From the OP I kind of took it as the trainee has announced 'I can only do x hours' as a that's it sort of thing.
She came in and said off the bat that she could only do 8.30-3.30 and I asked if there would be any chance of that changing.
A good teacher is going to probe and see what more can be learned and what more can be done to achieve the end both the teacher and trainee have in mind.
The OP wants to move the fixed object here - she knows it's childcare, and must have some appreciation of what ILoveDolly understands; it is easier to organise childcare when you have fixed hours and the increased income that comes with a full time professional position.
Instead, why not think a little (it's actually not that much) out of the box and consider email or a phone call at a mutually agreed time later on, perhaps when the small children of the trainee are in bed and the OP will have settled her own family for the night too.
yet you knowingly signed up to a course where your placement schools could be anywhere in the region, some could start earlier / finish later, you'd have twilights and meetings etc. Either you really are silly or it's not set in stone and you are very naive if you think that will get you far
This issue effectively keeps mothers of young families who are not well off out of teaching. It is discriminatory to expect such extreme flexibility on the part of the trainees, most of whom are women, and tutting at someone who finds herself between a rock and a hard place is unfair. They have a desire to provide better for their families, they have a desire to do this by teaching, which is not an easy path to a secure income, and they find massive hurdles placed in front of them, and the way they deal with those hurdles used as a means of judging their personalities and even their suitability for teaching.
The problem is the lack of flexibility and the lack of acknowledgement that young women sometimes have babies and young children to take into account. It's the not really very new problem that workplaces fail to account for the fact that men and women have lives.
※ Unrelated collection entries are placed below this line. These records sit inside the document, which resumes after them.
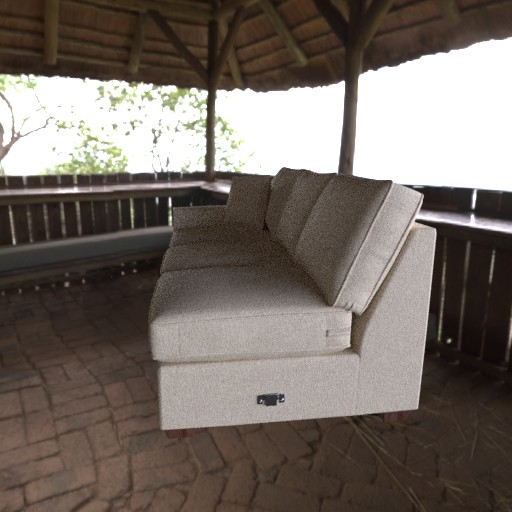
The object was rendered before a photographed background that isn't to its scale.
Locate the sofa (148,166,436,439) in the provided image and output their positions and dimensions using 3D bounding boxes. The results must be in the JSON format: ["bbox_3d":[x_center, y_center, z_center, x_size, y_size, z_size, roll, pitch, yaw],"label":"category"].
[{"bbox_3d":[0.000,0.000,2.483,1.034,0.946,1.962,-2,13,-8],"label":"sofa"}]
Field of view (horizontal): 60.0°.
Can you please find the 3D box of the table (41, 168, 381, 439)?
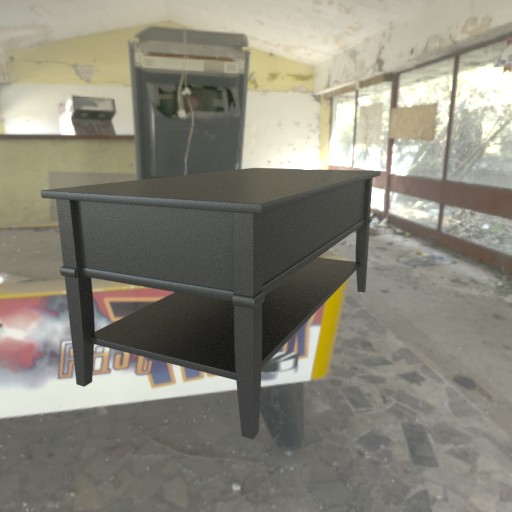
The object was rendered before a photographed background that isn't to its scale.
[{"bbox_3d":[0.000,0.000,1.353,0.523,0.470,1.044,7,16,25],"label":"table"}]
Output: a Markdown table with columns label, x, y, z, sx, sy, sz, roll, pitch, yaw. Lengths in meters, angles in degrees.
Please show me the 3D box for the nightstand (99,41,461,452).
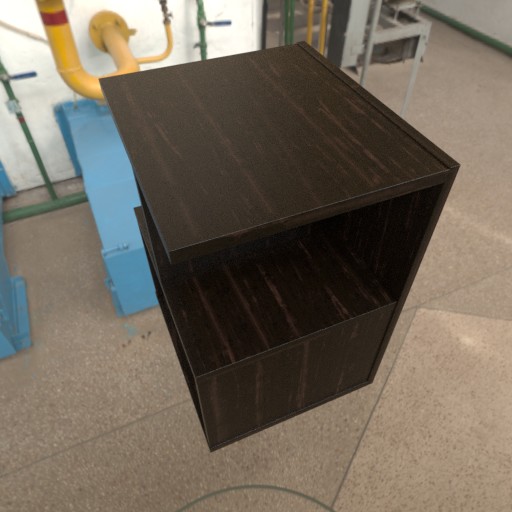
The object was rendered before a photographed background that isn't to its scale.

They can get away with that to a large extent when the trainees and employees are men who have 'secretaries, kid taxi-services, childminders, laundresses, cooks, and PAs' - aka partners - at home dealing with the details of their lives for them, but it all comes apart when the trainee or employee is a single mother or someone whose partner cannot do the childcare element of family reality.
Are women really naive to expect that in a profession that is dominated by women, the reality of women's lives would be taken into account?